About this exercise
Your answer should be the exact lines of the records, starting with the one containing "jar lid [166,196,236,212]" and running to the end.

Records

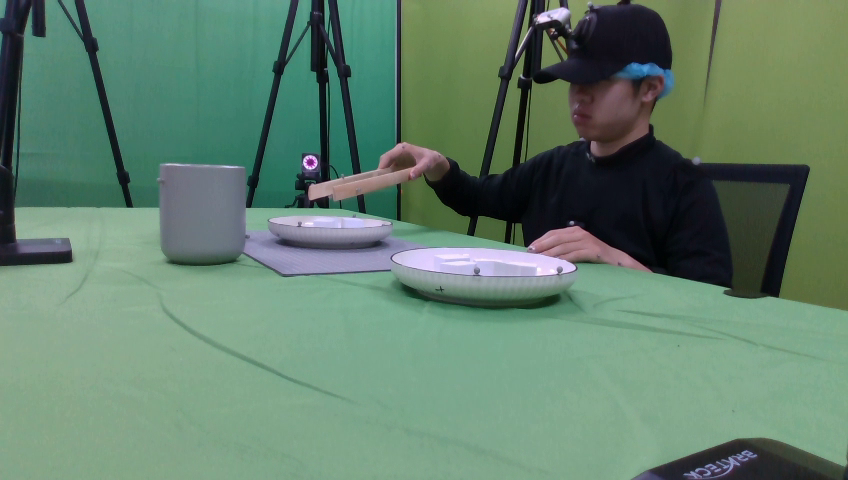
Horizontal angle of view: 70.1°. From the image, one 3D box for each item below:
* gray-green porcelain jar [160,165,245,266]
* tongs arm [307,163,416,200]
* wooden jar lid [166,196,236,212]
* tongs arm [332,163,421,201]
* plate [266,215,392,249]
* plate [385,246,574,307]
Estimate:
[{"bbox_3d":[-0.291,-0.034,0.799,0.106,0.126,0.106,2,8,0],"label":"gray-green porcelain jar"},{"bbox_3d":[-0.107,-0.119,1.182,0.050,0.026,0.386,2,13,20],"label":"tongs arm"},{"bbox_3d":[-0.369,-0.060,1.001,0.108,0.020,0.108,3,6,0],"label":"wooden jar lid"},{"bbox_3d":[-0.079,-0.117,1.170,0.028,0.028,0.389,-2,12,23],"label":"tongs arm"},{"bbox_3d":[-0.159,-0.015,1.019,0.209,0.038,0.209,3,7,0],"label":"plate"},{"bbox_3d":[0.060,0.041,0.678,0.208,0.039,0.207,3,7,0],"label":"plate"}]

Task output
* wooden jar lid [166,196,236,212]
* tongs arm [332,163,421,201]
* plate [266,215,392,249]
* plate [385,246,574,307]
Estimate:
[{"bbox_3d":[-0.291,-0.034,0.799,0.106,0.126,0.106,2,8,0],"label":"gray-green porcelain jar"},{"bbox_3d":[-0.107,-0.119,1.182,0.050,0.026,0.386,2,13,20],"label":"tongs arm"},{"bbox_3d":[-0.369,-0.060,1.001,0.108,0.020,0.108,3,6,0],"label":"wooden jar lid"},{"bbox_3d":[-0.079,-0.117,1.170,0.028,0.028,0.389,-2,12,23],"label":"tongs arm"},{"bbox_3d":[-0.159,-0.015,1.019,0.209,0.038,0.209,3,7,0],"label":"plate"},{"bbox_3d":[0.060,0.041,0.678,0.208,0.039,0.207,3,7,0],"label":"plate"}]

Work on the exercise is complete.